* Exercise objective *
Only the lines from the one with "5. probe 1: x = [0, 3.2], [111.1, 114.3]" through the end of the material below belong in the reply; transcribe them exactly.

* Task input *
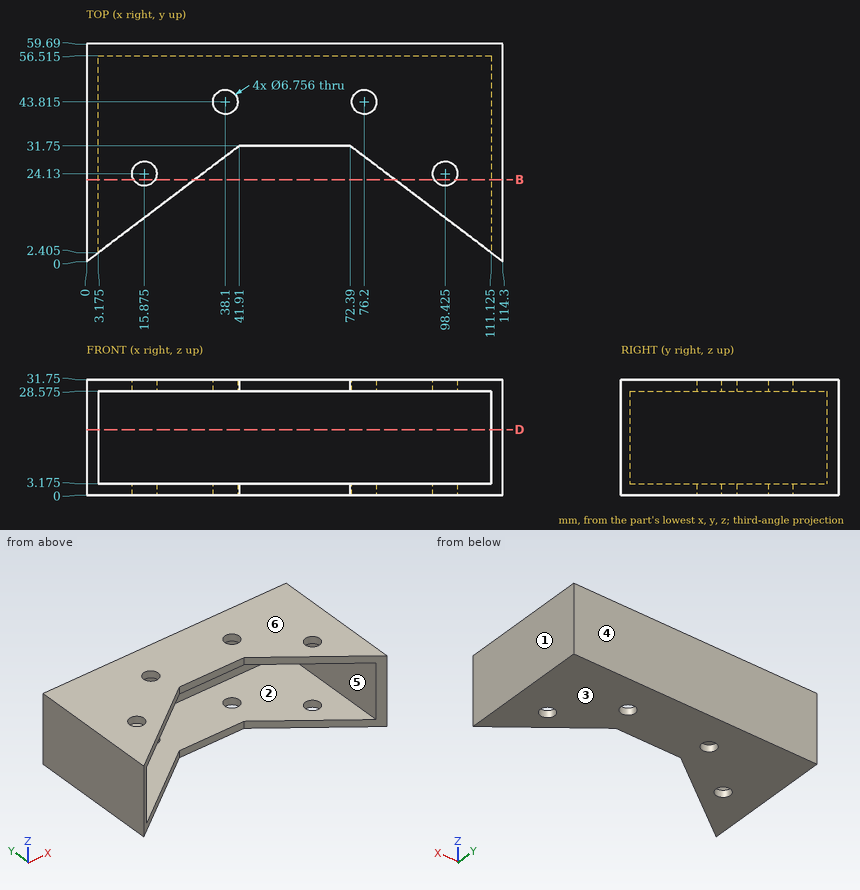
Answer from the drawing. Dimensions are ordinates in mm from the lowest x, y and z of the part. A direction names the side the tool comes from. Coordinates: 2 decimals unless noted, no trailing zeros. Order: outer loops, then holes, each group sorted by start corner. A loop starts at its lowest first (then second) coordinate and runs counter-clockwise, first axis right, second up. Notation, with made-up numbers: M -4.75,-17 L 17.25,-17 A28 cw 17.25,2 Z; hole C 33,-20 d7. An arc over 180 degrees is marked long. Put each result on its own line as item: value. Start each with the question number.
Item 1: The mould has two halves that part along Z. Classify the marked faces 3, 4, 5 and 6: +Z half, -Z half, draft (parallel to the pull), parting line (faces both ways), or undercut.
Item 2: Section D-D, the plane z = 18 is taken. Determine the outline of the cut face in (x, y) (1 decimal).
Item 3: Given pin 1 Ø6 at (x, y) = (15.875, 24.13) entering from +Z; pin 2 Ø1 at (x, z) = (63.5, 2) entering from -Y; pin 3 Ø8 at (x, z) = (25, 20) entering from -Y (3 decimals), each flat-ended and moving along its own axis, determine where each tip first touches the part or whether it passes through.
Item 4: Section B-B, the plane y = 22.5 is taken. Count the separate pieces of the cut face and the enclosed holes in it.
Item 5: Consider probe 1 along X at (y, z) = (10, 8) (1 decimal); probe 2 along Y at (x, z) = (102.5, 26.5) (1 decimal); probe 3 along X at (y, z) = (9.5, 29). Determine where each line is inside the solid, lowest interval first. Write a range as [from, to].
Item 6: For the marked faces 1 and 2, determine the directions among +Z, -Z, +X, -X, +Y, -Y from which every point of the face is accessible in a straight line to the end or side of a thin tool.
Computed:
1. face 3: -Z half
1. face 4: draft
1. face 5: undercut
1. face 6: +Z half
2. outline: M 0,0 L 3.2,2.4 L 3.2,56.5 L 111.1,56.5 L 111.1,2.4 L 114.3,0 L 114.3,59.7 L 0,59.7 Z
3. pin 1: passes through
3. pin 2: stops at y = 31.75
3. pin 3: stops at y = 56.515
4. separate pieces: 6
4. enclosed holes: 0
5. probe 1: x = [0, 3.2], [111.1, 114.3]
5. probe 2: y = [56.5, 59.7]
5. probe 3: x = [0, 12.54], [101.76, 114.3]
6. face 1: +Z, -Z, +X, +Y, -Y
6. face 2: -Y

* Task answer *
5. probe 1: x = [0, 3.2], [111.1, 114.3]
5. probe 2: y = [56.5, 59.7]
5. probe 3: x = [0, 12.54], [101.76, 114.3]
6. face 1: +Z, -Z, +X, +Y, -Y
6. face 2: -Y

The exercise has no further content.